Please see the formulas below (from the discussed article):
The generalizes hypergeometric distribution has the form GHG(k, l, m, n; $\vec{a}$, $\vec{b}$, $\vec{c}$, $\vec{d}$, $\theta$)
$$P\{X=x\}=c\cdot \frac{\prod_{j=1}^m c_j(x)\prod_{j=1}^n d_j^-[x]}{x!\prod_{j=1}^ka_j(x)\prod_{j=1}^l b_j^-[x]}\theta^x$$
For the Poisson case (k,l,m,n)=(0,0,0,0). Letting $\theta=\lambda$ and $\theta_0=\lambda/N$, we conclude $\mu=N/\lambda$
Using Takeuchi's approximation in the article, we should use $a_j=\alpha_jN+1$, $b_j=\beta_jN+1$, $c_j=\gamma_jN+1$, $d_j=\delta_jN+1$, $\alpha_j>0$, $\beta_j>0$, $\gamma_j>0$, for $\alpha_0=0$, we have $a_0=0$ (sure, whether also for the other variables).
We have
$$\begin{equation}\begin{split} A_i&=\sum_{j=0}^k\frac{1}{(\alpha_j+\mu)^i}+\sum_{j=1}^l\frac{1}{(\beta_j-\mu)^i}-\sum_{j=1}^m\frac{1}{(\gamma_j+\mu)^i}-\sum_{j=1}^n\frac{1}{(\delta_j-\mu)^i}\\ B_i&=\sum_{j=0}^k\frac{1}{(\alpha_j+\mu)^i}-\sum_{j=1}^l\frac{1}{(\beta_j-\mu)^i}-\sum_{j=1}^m\frac{1}{(\gamma_j+\mu)^i}+\sum_{j=1}^n\frac{1}{(\delta_j-\mu)^i} \end{split}\end{equation}$$ which we input into \begin{equation}\label{eq:approxHida} \begin{split} p_X(x)&=\frac{1}{\sqrt{2\pi N\sigma}}e^{-\frac{z^2}{2\sigma^2}}\Big[1+(A_2z^3-3A_1z)-\frac{1}{24N}( 2B_2z^4-6B_2z^2)\\ &+\frac{1}{72N}(A_2z^3-3A_1z)^2+o\left(\frac{1}{N}\right)\Big], \end{split} \end{equation} where $z=(x-N\mu)/\sqrt{N}$.

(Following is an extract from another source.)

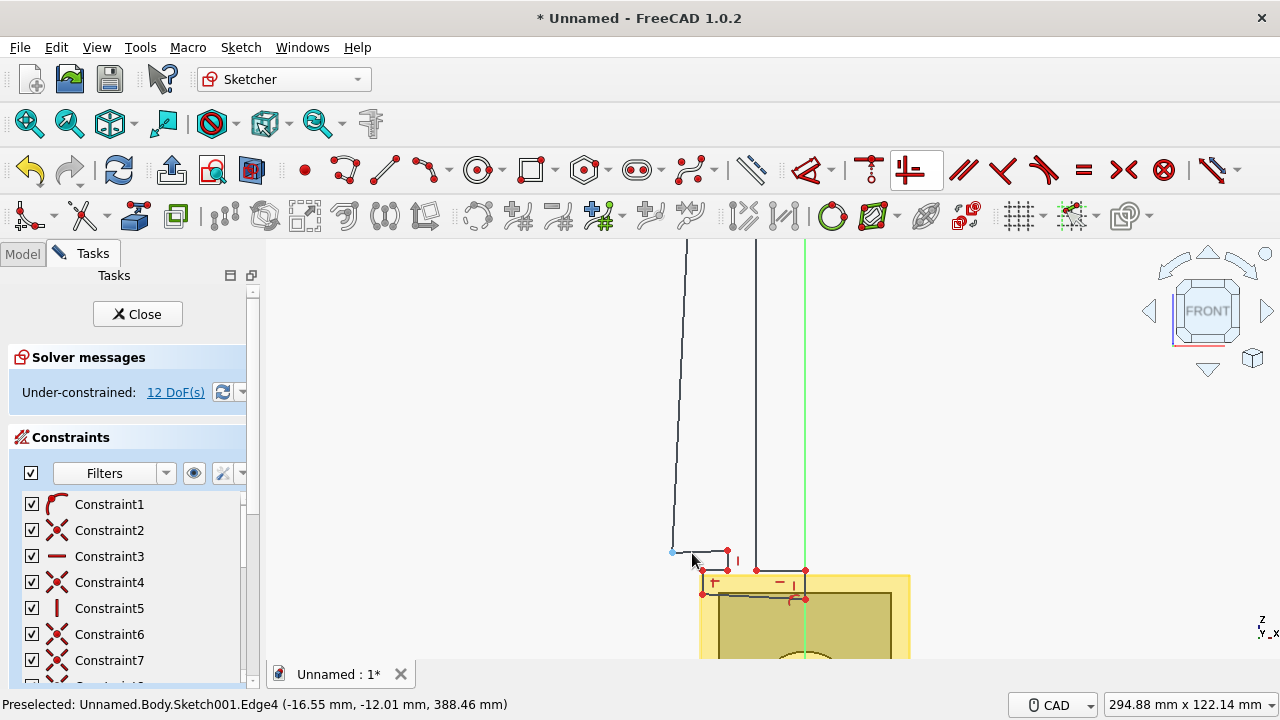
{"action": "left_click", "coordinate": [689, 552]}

For the Engeworth approximation:
$$P\{Y_n=y\}=\frac{1}{\sqrt{2\pi n}\sigma}e^{-z^2/2}\Big( 1+\frac{\beta_3}{6\sqrt{n}}H_3(z)+\frac{\beta_4}{24\sqrt{n}}H_3(z)+\frac{\beta_3^2}{72\sqrt{n}}H_6(z)\Big)$$, where $z=(y-n\mu+0.5)/(\sqrt{n}\sigma)$ $H_i$'s the Hermite polynomials: $H_3(z)=z^3-3z$, $H_4(z)=z^4-6z^2+3$, $H_6(z)=z^6-15z^4+45z^2-15$. $\beta_i=\kappa_i/\sigma^i$. $\kappa_i$ is the i-th cummulant. (in the poisson example are the $\beta_i=\frac{\lambda}{\lambda^i}$ and $\lambda=n$).
The results should be for $x=1$, the true value 0.00045399 and the relative error for Takeuchi -0.112287 and Edgeworth. -0.163343. The results should be for $x=2$, the true value 0.00227 and the relative error for Takeuchi 0.0604028 and Edgeworth -0.163343.